─── Records to use ───

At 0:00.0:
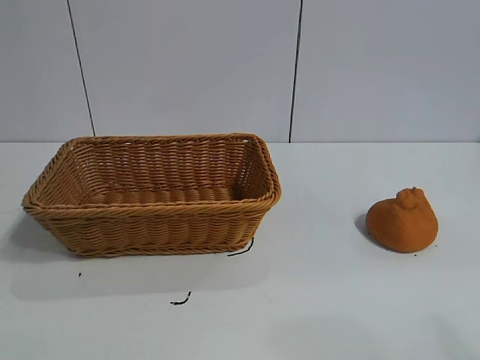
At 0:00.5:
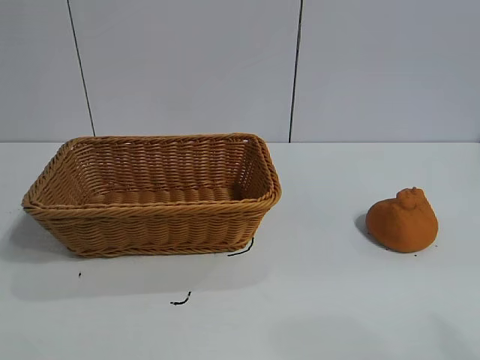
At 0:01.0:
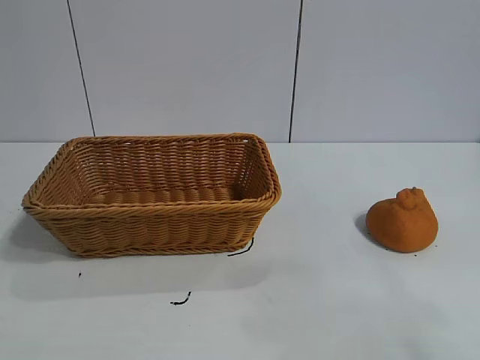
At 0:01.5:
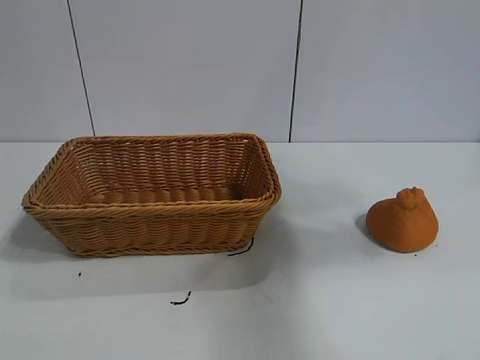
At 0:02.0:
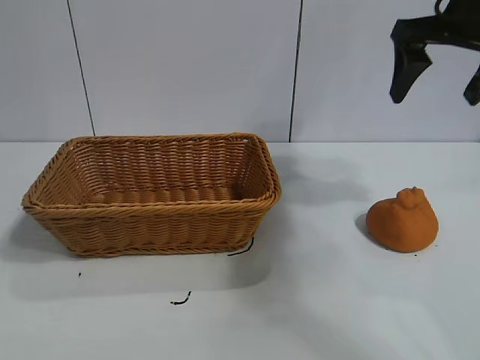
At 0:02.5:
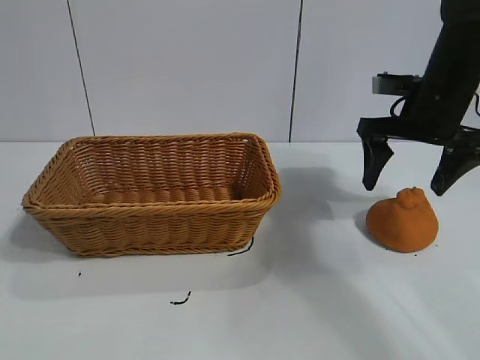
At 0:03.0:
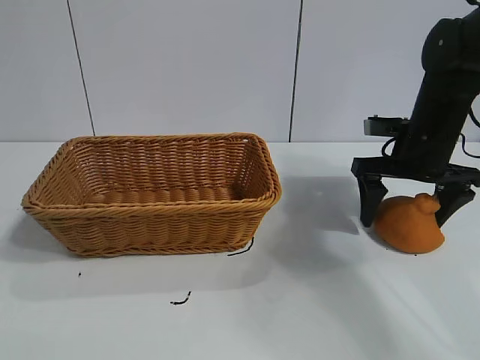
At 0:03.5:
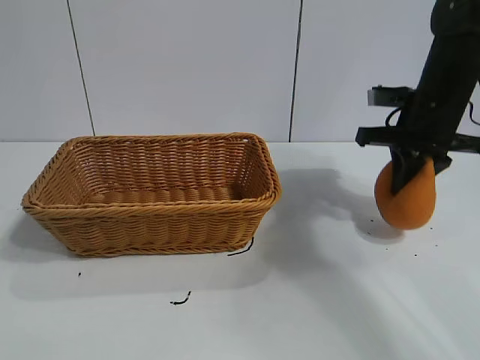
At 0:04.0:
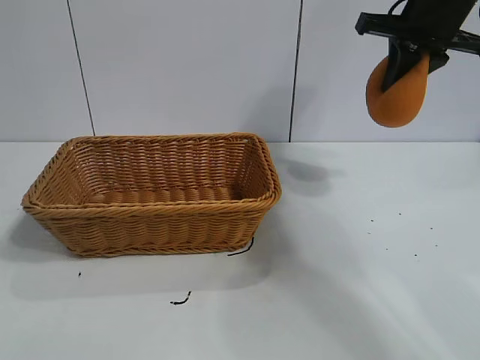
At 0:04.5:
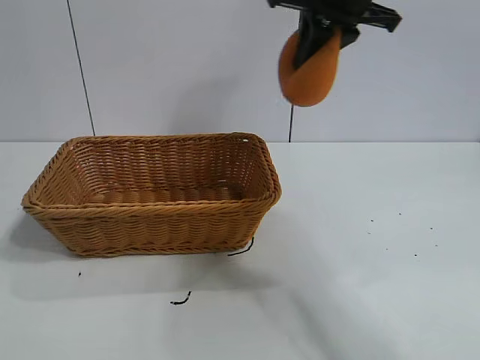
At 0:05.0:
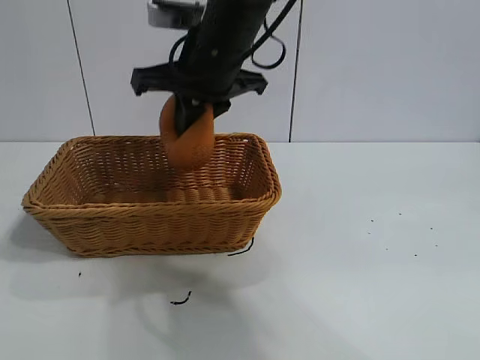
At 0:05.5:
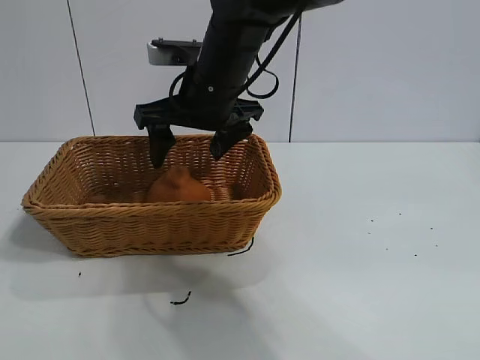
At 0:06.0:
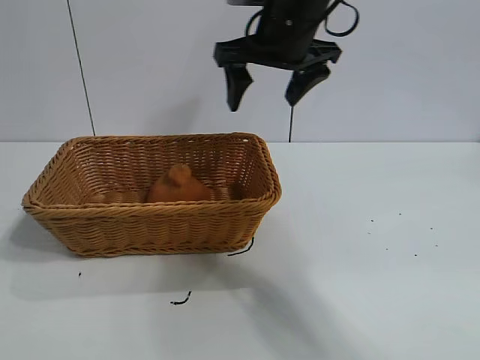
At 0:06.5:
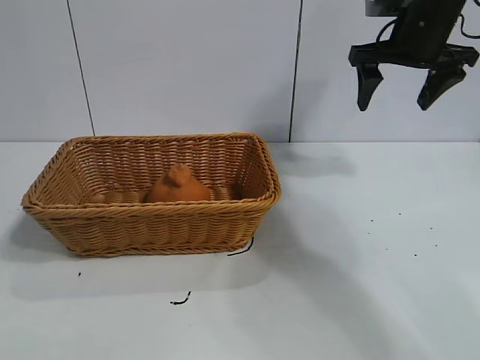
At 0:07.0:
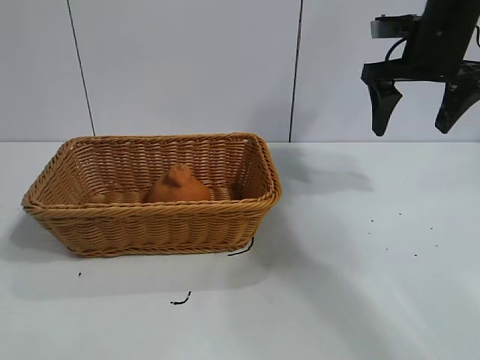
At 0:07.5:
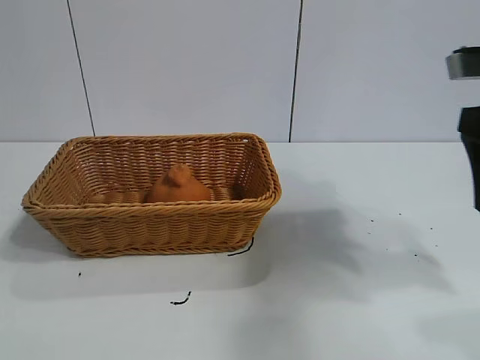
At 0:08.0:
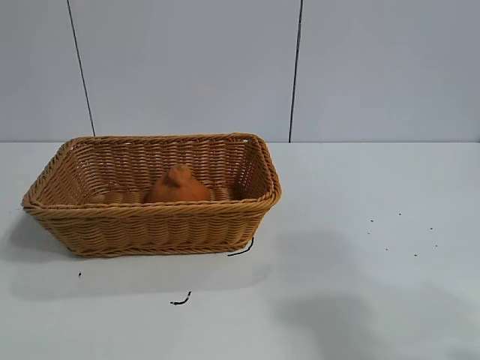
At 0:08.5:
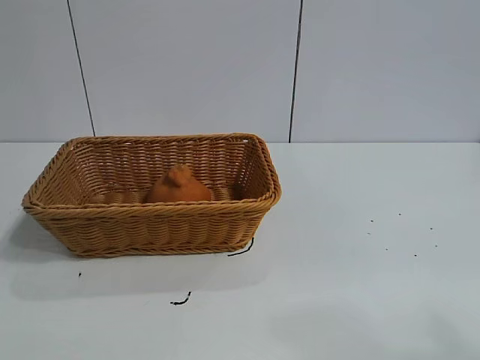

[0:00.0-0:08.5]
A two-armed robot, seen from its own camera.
Task of the whole recording: pick up the orange and put it into the basket.
Step, 0:01.0 to 0:03.0: Grasp the orange with right gripper.
Step, 0:03.5 to 0:05.0: Place the orange in the basket with right gripper.

───

§ **The problem**: All of the material above should be reproduced exactly, except the pictures.

§ **Final answer**:
At 0:00.0:
At 0:00.5:
At 0:01.0:
At 0:01.5:
At 0:02.0:
At 0:02.5:
At 0:03.0:
At 0:03.5:
At 0:04.0:
At 0:04.5:
At 0:05.0:
At 0:05.5:
At 0:06.0:
At 0:06.5:
At 0:07.0:
At 0:07.5:
At 0:08.0:
At 0:08.5:

[0:00.0-0:08.5]
A two-armed robot, seen from its own camera.
Task of the whole recording: pick up the orange and put it into the basket.
Step, 0:01.0 to 0:03.0: Grasp the orange with right gripper.
Step, 0:03.5 to 0:05.0: Place the orange in the basket with right gripper.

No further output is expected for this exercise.